**About this exercise:** Among the records, find the lines that hold the string "minimum" and return them.

**Provided entries:**
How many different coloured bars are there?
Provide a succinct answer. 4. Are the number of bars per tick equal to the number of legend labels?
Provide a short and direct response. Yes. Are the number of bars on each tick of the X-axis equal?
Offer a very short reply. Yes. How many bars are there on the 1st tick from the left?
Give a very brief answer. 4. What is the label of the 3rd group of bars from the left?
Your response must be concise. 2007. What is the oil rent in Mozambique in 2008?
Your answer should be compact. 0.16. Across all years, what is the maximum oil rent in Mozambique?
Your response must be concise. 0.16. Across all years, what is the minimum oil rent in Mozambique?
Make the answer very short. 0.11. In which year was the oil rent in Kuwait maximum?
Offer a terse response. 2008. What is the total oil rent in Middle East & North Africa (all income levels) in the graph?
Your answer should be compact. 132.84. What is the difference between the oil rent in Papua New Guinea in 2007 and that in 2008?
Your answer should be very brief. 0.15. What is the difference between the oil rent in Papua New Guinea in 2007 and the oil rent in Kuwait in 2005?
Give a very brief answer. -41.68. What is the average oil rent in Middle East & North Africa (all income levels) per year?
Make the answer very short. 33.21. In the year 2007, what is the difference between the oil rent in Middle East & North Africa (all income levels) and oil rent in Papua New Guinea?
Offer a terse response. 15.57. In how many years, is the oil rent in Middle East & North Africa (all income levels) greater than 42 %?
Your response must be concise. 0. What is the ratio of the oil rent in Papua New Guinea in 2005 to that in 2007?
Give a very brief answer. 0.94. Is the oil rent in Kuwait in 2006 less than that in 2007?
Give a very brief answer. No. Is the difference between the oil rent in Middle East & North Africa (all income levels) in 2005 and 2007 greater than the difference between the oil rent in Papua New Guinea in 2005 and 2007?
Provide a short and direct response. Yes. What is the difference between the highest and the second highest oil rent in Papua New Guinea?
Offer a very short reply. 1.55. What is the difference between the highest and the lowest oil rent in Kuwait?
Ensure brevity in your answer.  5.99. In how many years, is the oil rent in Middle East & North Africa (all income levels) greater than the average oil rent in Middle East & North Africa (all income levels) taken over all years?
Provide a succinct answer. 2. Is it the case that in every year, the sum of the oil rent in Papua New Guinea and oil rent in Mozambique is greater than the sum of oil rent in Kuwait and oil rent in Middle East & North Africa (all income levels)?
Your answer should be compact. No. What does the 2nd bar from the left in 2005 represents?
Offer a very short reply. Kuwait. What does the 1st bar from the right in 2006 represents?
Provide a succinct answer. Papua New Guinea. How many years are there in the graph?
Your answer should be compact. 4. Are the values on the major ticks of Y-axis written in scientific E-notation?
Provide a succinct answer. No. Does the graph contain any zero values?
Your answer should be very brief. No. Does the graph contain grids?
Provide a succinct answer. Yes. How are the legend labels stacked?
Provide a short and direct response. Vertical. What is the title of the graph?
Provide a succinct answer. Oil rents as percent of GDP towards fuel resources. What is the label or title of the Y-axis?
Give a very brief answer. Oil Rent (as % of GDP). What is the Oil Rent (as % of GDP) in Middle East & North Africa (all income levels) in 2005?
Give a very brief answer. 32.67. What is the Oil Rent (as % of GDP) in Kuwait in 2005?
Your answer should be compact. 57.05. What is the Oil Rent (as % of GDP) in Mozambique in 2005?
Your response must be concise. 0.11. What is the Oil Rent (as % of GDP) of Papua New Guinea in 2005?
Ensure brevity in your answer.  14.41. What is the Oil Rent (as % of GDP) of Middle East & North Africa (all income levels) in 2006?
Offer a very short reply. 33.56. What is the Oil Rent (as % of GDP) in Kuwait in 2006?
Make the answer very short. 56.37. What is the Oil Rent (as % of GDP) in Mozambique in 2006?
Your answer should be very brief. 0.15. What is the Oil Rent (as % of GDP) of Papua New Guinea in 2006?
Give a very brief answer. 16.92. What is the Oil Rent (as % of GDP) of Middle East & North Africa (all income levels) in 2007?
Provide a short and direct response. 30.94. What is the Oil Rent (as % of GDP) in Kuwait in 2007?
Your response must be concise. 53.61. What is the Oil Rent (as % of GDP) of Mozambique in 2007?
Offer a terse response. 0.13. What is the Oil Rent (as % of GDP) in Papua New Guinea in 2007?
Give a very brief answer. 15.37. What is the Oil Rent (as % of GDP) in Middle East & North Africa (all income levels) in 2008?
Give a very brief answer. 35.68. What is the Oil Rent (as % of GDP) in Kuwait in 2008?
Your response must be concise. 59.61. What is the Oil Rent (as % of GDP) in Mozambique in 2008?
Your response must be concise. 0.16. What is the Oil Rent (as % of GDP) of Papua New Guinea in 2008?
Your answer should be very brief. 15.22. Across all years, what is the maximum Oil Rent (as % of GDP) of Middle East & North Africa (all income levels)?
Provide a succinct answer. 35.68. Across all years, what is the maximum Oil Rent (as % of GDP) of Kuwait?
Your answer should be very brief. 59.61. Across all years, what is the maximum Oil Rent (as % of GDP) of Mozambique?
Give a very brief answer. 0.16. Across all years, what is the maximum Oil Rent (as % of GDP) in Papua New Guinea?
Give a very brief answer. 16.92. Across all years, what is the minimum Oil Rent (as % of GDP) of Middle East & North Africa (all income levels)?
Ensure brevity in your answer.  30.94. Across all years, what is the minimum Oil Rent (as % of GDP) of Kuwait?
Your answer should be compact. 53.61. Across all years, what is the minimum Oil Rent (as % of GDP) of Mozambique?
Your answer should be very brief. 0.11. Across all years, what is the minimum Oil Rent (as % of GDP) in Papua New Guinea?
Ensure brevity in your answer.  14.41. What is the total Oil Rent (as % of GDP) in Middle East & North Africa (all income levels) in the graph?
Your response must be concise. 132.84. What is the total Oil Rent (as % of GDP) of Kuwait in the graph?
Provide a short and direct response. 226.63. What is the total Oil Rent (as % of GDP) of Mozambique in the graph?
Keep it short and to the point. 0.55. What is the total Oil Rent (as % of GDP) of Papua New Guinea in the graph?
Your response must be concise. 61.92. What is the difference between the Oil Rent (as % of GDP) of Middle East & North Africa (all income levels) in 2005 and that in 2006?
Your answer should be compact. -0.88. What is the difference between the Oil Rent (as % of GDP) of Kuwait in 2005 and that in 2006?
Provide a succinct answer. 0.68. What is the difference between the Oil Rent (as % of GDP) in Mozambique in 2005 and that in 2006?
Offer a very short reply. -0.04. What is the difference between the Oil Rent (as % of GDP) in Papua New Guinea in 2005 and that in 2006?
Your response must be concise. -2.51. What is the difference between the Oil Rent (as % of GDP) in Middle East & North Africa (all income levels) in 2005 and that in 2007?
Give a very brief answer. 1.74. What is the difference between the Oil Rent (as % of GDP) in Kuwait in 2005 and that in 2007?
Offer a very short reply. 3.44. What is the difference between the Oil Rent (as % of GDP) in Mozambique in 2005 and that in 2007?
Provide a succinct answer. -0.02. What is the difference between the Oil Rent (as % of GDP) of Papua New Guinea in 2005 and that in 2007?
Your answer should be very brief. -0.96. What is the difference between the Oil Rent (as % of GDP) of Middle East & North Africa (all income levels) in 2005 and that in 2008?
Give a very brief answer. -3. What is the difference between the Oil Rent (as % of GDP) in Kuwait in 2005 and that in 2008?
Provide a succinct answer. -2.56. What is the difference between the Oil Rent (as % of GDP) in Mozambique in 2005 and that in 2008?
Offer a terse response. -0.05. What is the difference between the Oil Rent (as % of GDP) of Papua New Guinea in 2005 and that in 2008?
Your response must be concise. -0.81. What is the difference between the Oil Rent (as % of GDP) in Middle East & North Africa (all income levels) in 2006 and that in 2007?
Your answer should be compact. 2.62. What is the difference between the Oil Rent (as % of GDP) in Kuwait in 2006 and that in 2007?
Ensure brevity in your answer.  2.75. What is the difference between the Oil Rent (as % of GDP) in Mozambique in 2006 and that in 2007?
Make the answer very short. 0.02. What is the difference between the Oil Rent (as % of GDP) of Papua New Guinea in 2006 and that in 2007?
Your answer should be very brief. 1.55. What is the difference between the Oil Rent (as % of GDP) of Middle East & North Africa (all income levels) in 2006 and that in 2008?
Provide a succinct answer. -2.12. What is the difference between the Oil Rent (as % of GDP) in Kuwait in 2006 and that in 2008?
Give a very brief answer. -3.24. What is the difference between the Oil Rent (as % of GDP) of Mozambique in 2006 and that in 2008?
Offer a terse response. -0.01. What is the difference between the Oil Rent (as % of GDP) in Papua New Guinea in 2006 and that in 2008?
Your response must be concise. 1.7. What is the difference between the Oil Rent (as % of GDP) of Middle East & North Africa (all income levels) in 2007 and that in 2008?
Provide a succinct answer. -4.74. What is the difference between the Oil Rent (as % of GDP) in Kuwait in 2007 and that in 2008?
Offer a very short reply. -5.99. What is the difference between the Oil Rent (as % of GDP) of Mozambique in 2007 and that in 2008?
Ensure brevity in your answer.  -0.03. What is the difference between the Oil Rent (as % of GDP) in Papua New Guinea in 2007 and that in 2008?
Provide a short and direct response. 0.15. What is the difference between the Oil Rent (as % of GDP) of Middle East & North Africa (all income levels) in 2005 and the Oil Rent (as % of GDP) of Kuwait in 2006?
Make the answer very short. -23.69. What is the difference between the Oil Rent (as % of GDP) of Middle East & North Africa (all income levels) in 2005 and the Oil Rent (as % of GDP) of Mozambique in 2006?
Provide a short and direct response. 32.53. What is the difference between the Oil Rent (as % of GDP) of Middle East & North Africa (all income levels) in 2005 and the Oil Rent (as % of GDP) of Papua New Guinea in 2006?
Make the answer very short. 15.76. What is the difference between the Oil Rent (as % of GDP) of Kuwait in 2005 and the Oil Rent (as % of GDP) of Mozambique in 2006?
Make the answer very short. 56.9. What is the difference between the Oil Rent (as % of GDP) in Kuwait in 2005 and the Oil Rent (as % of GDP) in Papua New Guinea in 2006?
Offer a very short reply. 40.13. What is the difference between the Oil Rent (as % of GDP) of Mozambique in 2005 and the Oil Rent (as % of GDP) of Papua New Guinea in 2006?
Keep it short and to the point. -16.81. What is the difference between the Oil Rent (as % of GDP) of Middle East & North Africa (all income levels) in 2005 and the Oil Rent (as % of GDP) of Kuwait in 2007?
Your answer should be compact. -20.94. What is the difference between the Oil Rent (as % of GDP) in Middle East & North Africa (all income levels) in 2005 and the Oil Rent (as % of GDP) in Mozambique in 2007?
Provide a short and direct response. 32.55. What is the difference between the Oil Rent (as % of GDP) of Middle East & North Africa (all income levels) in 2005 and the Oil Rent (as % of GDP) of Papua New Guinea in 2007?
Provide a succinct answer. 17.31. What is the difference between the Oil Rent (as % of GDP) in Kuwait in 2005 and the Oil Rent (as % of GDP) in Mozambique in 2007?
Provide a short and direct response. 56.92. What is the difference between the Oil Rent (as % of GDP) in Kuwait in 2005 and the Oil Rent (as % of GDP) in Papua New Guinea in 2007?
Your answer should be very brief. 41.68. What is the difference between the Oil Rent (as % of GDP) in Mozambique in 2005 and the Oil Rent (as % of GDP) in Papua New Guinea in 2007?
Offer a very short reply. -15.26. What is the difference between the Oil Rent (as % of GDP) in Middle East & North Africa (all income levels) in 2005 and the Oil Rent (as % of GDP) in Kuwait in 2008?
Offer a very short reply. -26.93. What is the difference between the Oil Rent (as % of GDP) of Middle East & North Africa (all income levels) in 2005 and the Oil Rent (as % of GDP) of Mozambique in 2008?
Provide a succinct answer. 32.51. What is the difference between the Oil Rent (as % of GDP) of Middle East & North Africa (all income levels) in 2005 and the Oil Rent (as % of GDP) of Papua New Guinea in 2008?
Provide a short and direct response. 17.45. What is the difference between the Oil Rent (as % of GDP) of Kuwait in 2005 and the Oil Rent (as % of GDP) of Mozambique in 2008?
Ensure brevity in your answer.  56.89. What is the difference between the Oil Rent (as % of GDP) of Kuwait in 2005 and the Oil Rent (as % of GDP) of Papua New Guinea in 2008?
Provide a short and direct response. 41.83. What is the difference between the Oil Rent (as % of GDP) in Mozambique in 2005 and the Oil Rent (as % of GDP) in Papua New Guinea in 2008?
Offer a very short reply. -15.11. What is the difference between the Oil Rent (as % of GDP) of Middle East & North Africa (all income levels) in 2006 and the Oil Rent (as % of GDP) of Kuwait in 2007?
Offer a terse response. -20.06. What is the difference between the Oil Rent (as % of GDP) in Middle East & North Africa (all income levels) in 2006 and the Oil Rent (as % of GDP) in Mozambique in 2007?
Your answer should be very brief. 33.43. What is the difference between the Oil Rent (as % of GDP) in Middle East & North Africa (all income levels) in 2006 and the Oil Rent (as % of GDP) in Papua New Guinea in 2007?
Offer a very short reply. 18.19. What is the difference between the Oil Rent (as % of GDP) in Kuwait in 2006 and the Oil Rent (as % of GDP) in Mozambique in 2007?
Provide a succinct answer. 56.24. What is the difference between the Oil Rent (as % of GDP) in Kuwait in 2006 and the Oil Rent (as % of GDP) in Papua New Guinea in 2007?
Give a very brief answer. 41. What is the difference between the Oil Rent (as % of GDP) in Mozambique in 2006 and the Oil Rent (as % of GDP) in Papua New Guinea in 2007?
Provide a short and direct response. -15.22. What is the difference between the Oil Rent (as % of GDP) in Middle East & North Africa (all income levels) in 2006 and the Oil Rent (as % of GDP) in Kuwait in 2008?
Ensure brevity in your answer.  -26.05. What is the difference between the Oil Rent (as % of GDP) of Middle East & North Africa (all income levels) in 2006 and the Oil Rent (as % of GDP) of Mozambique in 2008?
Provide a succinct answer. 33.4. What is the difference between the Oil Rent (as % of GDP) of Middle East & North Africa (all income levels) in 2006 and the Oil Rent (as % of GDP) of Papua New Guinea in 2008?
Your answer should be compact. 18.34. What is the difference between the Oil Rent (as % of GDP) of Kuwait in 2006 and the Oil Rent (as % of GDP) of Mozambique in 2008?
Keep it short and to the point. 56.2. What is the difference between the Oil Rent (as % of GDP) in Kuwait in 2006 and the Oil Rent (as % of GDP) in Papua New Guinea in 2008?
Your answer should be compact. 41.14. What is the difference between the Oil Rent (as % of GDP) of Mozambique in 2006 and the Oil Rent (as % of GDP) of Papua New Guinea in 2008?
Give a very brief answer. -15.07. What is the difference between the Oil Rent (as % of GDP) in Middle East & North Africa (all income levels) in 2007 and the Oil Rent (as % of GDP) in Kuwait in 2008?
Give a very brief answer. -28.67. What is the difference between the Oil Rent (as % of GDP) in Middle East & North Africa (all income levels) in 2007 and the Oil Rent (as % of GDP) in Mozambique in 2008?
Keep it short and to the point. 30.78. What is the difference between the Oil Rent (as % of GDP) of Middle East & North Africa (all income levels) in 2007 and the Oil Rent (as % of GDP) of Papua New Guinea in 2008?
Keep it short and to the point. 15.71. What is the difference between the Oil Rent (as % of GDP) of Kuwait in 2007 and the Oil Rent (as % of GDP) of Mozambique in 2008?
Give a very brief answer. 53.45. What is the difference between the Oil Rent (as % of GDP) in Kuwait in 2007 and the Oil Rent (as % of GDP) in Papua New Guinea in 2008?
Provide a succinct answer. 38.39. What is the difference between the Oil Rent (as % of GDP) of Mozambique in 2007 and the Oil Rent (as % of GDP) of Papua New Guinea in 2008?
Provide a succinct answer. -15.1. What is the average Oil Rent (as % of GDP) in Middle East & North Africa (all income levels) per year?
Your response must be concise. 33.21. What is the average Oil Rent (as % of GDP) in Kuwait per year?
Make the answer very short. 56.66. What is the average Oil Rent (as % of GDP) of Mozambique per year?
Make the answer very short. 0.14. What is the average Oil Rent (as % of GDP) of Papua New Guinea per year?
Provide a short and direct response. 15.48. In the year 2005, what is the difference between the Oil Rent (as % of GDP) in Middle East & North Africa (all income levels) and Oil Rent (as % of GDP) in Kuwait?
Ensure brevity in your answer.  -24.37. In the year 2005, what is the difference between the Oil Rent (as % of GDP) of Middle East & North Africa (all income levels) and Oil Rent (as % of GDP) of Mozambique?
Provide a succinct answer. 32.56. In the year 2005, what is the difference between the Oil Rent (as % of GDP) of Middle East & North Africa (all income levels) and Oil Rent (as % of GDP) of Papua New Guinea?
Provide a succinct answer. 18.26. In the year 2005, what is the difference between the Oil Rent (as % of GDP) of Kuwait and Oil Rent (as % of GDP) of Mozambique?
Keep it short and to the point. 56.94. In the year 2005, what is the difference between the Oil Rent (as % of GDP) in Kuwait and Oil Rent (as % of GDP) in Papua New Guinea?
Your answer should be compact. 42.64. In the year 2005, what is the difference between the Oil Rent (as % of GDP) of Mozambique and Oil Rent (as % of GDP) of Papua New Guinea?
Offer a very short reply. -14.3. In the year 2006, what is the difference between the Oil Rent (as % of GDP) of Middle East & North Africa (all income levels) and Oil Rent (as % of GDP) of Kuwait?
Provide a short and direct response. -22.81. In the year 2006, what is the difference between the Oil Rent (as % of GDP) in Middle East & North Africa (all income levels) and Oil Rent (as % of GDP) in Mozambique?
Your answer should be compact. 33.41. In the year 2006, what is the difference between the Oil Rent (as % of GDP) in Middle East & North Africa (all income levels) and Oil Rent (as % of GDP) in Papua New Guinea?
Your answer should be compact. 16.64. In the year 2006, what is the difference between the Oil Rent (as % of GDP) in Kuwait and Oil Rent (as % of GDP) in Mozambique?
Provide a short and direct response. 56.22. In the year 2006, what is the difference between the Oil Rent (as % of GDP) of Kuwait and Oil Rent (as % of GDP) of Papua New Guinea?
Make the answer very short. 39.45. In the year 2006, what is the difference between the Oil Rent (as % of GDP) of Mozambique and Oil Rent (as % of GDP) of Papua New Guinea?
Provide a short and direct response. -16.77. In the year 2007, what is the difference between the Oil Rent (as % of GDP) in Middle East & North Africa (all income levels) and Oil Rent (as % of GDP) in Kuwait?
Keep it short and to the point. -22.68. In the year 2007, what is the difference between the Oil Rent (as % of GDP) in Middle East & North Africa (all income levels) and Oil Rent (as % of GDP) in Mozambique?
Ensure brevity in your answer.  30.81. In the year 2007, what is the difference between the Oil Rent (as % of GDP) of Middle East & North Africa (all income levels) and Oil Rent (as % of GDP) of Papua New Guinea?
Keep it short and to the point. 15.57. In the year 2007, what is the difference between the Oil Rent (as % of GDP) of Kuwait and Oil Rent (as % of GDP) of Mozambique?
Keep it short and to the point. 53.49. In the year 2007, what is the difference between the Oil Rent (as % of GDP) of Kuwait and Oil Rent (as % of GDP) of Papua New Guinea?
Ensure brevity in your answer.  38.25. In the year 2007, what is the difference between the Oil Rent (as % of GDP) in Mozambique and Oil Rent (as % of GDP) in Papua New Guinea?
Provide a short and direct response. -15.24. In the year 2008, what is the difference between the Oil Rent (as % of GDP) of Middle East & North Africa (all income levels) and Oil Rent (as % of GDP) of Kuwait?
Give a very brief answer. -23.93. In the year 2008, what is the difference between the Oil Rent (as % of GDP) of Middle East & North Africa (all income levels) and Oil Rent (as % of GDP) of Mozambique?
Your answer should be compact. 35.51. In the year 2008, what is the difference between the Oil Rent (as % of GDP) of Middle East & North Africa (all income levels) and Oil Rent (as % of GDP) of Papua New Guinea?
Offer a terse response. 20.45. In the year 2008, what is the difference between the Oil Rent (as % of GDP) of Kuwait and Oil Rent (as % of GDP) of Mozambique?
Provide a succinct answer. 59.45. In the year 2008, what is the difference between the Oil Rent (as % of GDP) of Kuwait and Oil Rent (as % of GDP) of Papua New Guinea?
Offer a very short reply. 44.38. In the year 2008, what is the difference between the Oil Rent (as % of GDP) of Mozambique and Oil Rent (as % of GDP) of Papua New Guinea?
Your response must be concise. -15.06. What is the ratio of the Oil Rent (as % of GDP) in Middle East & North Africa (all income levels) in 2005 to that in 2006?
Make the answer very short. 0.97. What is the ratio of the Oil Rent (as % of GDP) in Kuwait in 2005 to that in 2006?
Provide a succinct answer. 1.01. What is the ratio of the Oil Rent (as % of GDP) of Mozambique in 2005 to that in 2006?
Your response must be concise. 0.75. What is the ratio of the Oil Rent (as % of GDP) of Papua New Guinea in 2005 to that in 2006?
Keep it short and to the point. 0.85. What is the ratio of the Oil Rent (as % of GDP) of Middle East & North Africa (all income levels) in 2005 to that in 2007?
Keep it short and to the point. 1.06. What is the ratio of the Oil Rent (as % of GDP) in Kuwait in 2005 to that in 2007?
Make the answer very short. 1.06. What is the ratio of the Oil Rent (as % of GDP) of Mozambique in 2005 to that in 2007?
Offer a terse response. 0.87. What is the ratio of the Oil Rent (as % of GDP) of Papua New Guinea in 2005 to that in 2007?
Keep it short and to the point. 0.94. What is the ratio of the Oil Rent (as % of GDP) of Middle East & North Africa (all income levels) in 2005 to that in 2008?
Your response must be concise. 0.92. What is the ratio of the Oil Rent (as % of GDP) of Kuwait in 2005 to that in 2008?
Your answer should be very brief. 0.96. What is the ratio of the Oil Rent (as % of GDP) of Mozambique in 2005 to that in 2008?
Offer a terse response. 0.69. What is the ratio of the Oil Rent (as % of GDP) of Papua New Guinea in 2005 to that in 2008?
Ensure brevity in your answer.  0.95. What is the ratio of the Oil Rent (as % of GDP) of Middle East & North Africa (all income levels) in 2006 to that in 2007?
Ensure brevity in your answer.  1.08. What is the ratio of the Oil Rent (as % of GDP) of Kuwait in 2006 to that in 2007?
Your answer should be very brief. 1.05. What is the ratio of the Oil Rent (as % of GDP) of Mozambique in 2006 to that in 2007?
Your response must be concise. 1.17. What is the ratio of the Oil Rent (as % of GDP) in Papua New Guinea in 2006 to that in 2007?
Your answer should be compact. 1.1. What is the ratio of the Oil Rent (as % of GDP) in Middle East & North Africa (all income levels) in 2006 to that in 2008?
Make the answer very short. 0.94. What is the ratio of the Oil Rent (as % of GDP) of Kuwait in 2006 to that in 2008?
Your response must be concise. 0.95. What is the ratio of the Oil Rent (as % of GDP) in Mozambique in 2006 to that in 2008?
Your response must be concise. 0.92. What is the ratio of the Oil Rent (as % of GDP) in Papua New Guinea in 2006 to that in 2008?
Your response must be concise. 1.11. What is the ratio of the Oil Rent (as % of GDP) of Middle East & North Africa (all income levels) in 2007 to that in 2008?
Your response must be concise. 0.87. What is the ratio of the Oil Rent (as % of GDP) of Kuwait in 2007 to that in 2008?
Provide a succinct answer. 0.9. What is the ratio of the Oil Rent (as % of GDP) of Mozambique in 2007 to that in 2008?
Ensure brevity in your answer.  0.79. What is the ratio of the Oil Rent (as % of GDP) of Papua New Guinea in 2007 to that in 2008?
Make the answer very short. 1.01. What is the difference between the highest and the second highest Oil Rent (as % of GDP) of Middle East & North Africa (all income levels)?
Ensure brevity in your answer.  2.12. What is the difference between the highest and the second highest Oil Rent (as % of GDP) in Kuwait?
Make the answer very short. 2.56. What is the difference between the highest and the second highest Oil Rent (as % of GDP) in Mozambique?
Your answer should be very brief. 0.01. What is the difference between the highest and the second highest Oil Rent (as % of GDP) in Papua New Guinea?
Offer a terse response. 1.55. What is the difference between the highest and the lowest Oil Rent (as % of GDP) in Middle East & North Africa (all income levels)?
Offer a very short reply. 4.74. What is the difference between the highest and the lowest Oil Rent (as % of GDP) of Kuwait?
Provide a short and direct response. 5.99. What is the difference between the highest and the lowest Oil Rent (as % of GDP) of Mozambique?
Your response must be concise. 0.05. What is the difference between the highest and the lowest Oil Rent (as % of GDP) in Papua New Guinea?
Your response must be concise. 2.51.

**Result:**
Your response must be concise. 0.16. Across all years, what is the minimum oil rent in Mozambique?
Give a very brief answer. 16.92. Across all years, what is the minimum Oil Rent (as % of GDP) of Middle East & North Africa (all income levels)?
Ensure brevity in your answer.  30.94. Across all years, what is the minimum Oil Rent (as % of GDP) of Kuwait?
Your answer should be compact. 53.61. Across all years, what is the minimum Oil Rent (as % of GDP) of Mozambique?
Your answer should be very brief. 0.11. Across all years, what is the minimum Oil Rent (as % of GDP) in Papua New Guinea?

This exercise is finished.